VENICE--The tourist axis is between the Rialto and San Marco, but the wealth of the city, fashion windows and tourist galleries aside, is in the vitality of the smaller waterways and the network of campo, calle, fondamento and ponte. Sixty thousand people live on the 117 islands that make up historic Venice, and shop they must for their daily bread, not to mention daily fish.
The fish market, just off the Rialto bridge, has existed for centuries, selling varieties of seafood not seen anywhere else.
They go by many names, these stomapods. Latin, squilla mantis. Everyday Italian, canocchie. Romantically, they're cicala di mare, cicada of the sea. But in Venice, they're known as canoce, (you'll sometimes see it spelled canocce) pronounced ka-NOH-chay, 6- to- 8-inch mantis shrimp, paler and smaller than the giants of the Barrier Reef, fished in cold-weather months in the shallow, sandy lagoons of the northern Adriatic. (Those "eyes" on the tail are decoys, a defense against short-sighted predators.)
A seasonal treat, they're sold live in the fish markets of Venice, marinated briefly in lemon juice and olive oil, then boiled quickly in acidulated water. Housewives and chefs sever the canoce's head with scissors, then snip open the abdominal carapace, extracting the meat from its thumnb-sized fleshy tail to be served as a part of a shellfish platter or stirred into a creamy risotto.

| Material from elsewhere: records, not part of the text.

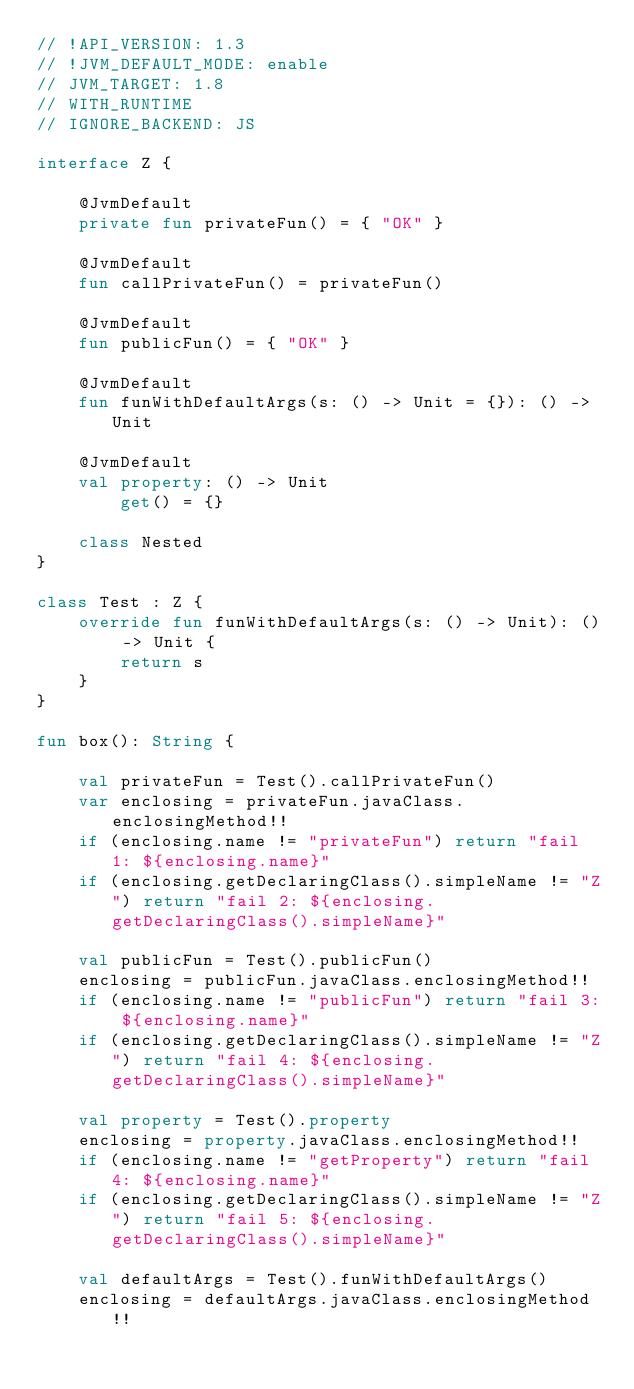<code> <loc_0><loc_0><loc_500><loc_500><_Kotlin_>// !API_VERSION: 1.3
// !JVM_DEFAULT_MODE: enable
// JVM_TARGET: 1.8
// WITH_RUNTIME
// IGNORE_BACKEND: JS

interface Z {

    @JvmDefault
    private fun privateFun() = { "OK" }

    @JvmDefault
    fun callPrivateFun() = privateFun()

    @JvmDefault
    fun publicFun() = { "OK" }

    @JvmDefault
    fun funWithDefaultArgs(s: () -> Unit = {}): () -> Unit

    @JvmDefault
    val property: () -> Unit
        get() = {}

    class Nested
}

class Test : Z {
    override fun funWithDefaultArgs(s: () -> Unit): () -> Unit {
        return s
    }
}

fun box(): String {

    val privateFun = Test().callPrivateFun()
    var enclosing = privateFun.javaClass.enclosingMethod!!
    if (enclosing.name != "privateFun") return "fail 1: ${enclosing.name}"
    if (enclosing.getDeclaringClass().simpleName != "Z") return "fail 2: ${enclosing.getDeclaringClass().simpleName}"

    val publicFun = Test().publicFun()
    enclosing = publicFun.javaClass.enclosingMethod!!
    if (enclosing.name != "publicFun") return "fail 3: ${enclosing.name}"
    if (enclosing.getDeclaringClass().simpleName != "Z") return "fail 4: ${enclosing.getDeclaringClass().simpleName}"

    val property = Test().property
    enclosing = property.javaClass.enclosingMethod!!
    if (enclosing.name != "getProperty") return "fail 4: ${enclosing.name}"
    if (enclosing.getDeclaringClass().simpleName != "Z") return "fail 5: ${enclosing.getDeclaringClass().simpleName}"

    val defaultArgs = Test().funWithDefaultArgs()
    enclosing = defaultArgs.javaClass.enclosingMethod!!</code> 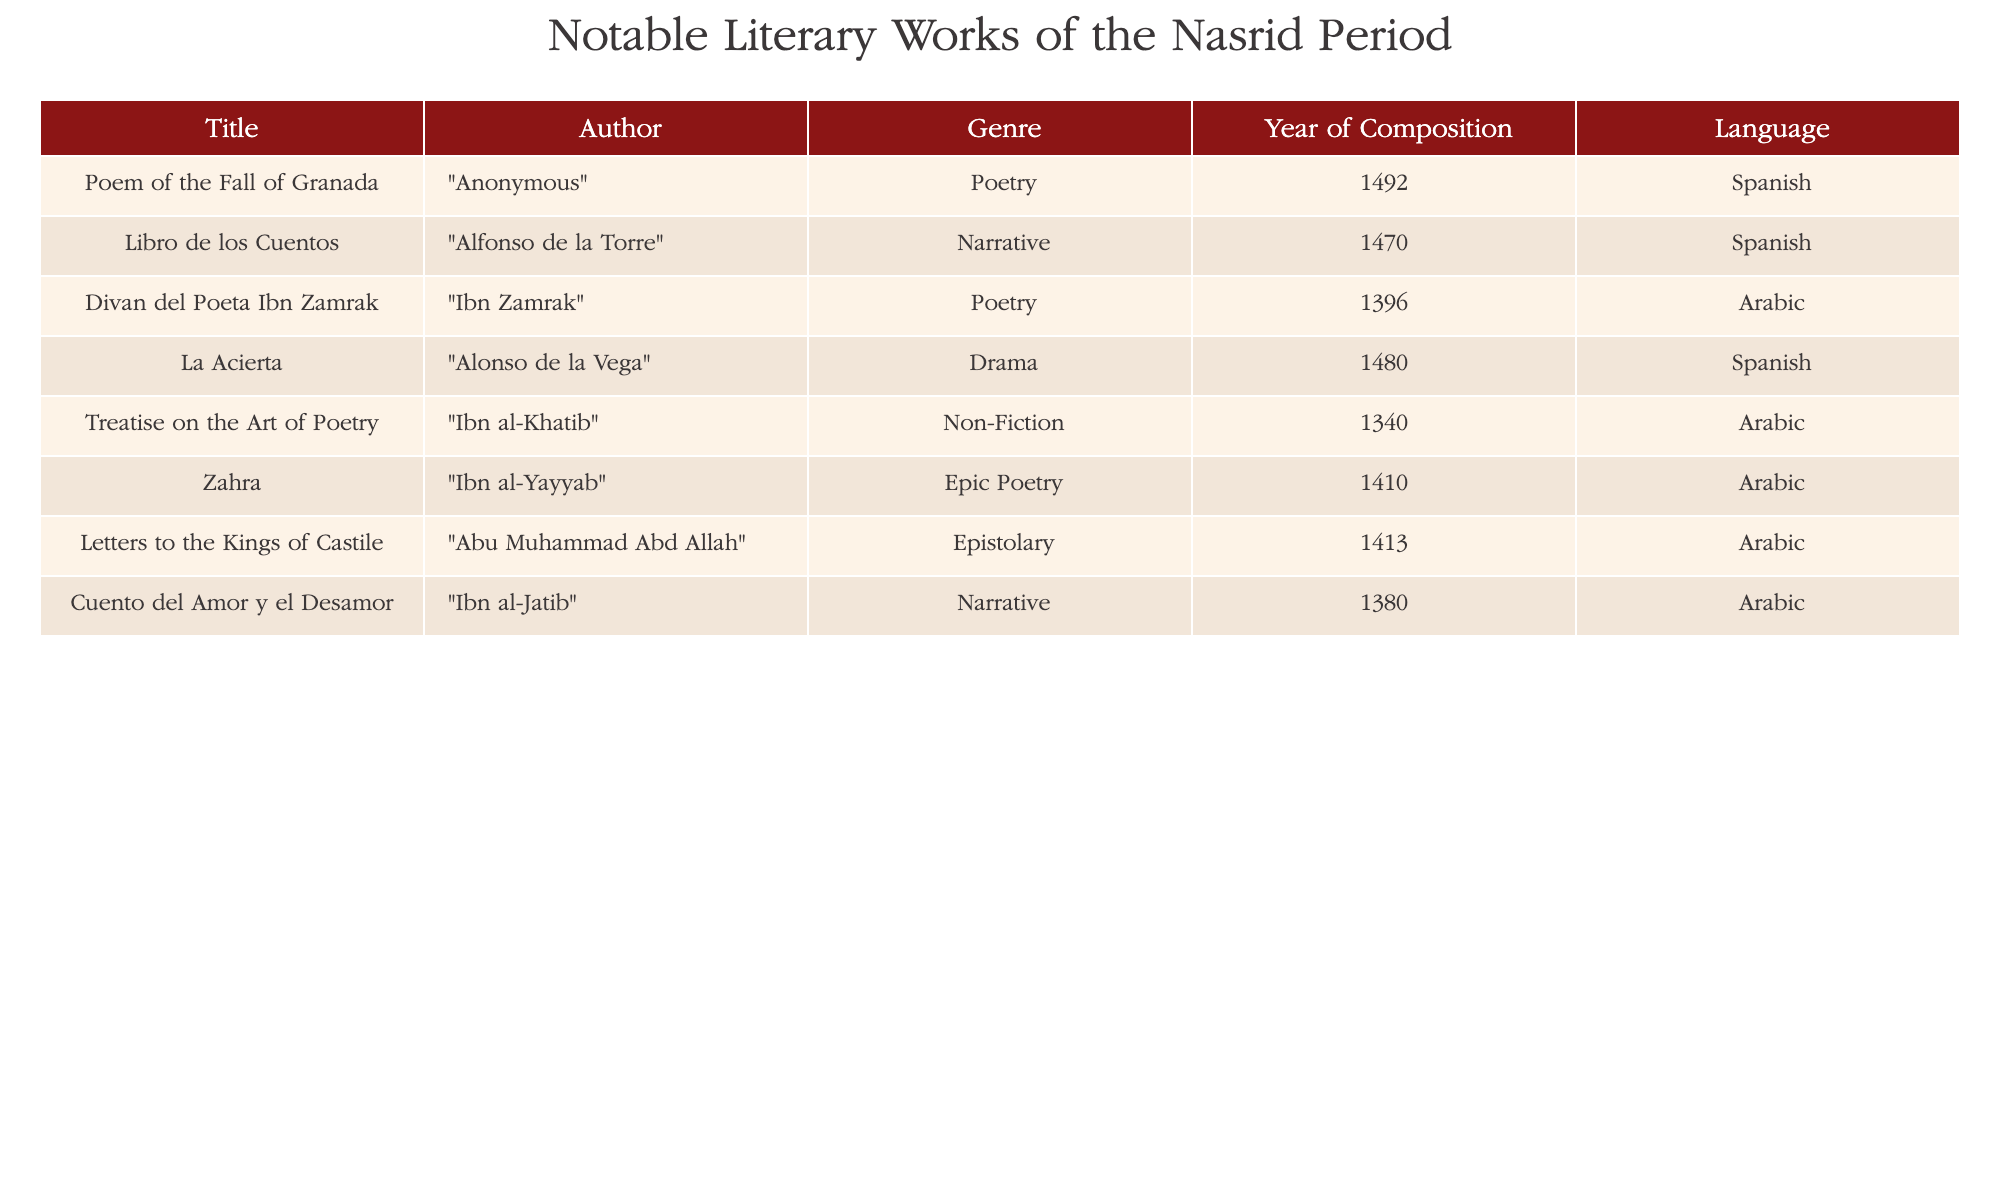What is the title of the work composed in 1492? The table lists various literary works along with their years of composition, and the year 1492 corresponds to "Poem of the Fall of Granada."
Answer: Poem of the Fall of Granada Who wrote "Cuento del Amor y el Desamor"? The author of "Cuento del Amor y el Desamor" is directly mentioned in the table. It clearly indicates that the author is Ibn al-Jatib.
Answer: Ibn al-Jatib How many works were written in Arabic? Counting the entries in the table that have Arabic listed as the language, we find 5 works: "Divan del Poeta Ibn Zamrak," "Treatise on the Art of Poetry," "Zahra," "Letters to the Kings of Castile," and "Cuento del Amor y el Desamor."
Answer: 5 Is "La Acierta" a work of poetry? The table categorizes "La Acierta" under the genre of Drama, meaning it is not a work of poetry. Therefore, the answer is based on this classification.
Answer: No What is the average year of composition for the works written in Spanish? The years of works in Spanish are 1492, 1470, and 1480. Summing these values gives 1492 + 1470 + 1480 = 4442. There are three works, so the average year is 4442 / 3 = 1480.67, which we can round to 1481 for a whole year representation.
Answer: 1481 Which author has the most works represented in the table? By analyzing the author column in the table, we see that each author is listed once, implying there are no repeat authors. Since all authors have one work each, there is a tie.
Answer: None, all authors have one work What genre does "Divan del Poeta Ibn Zamrak" belong to? The table lists the genre of "Divan del Poeta Ibn Zamrak," which is categorized as Poetry.
Answer: Poetry In what language is "Treatise on the Art of Poetry" written? The table specifies the language associated with "Treatise on the Art of Poetry," which is Arabic.
Answer: Arabic

A baby lobster it's not. The flesh is softer, more tender than a langoustine, the flavor more subtle even than farm-raised Gulf shrimp. The shells do not lend themselves to further extraction, be it for sauce or stock. (There's a reason for crab and shrimp boils seasoned with Old Bay: you're adding the flavor.) Yet canoce are prized by the Italians along the north Adriatic coast, from Venice to Trieste, and by the market shoppers of nearby inland towns. In Gorizia, half an hour's drive from the coast, there's a restaurant called Rosenbar that serves canoce with eggy, housemade linquini.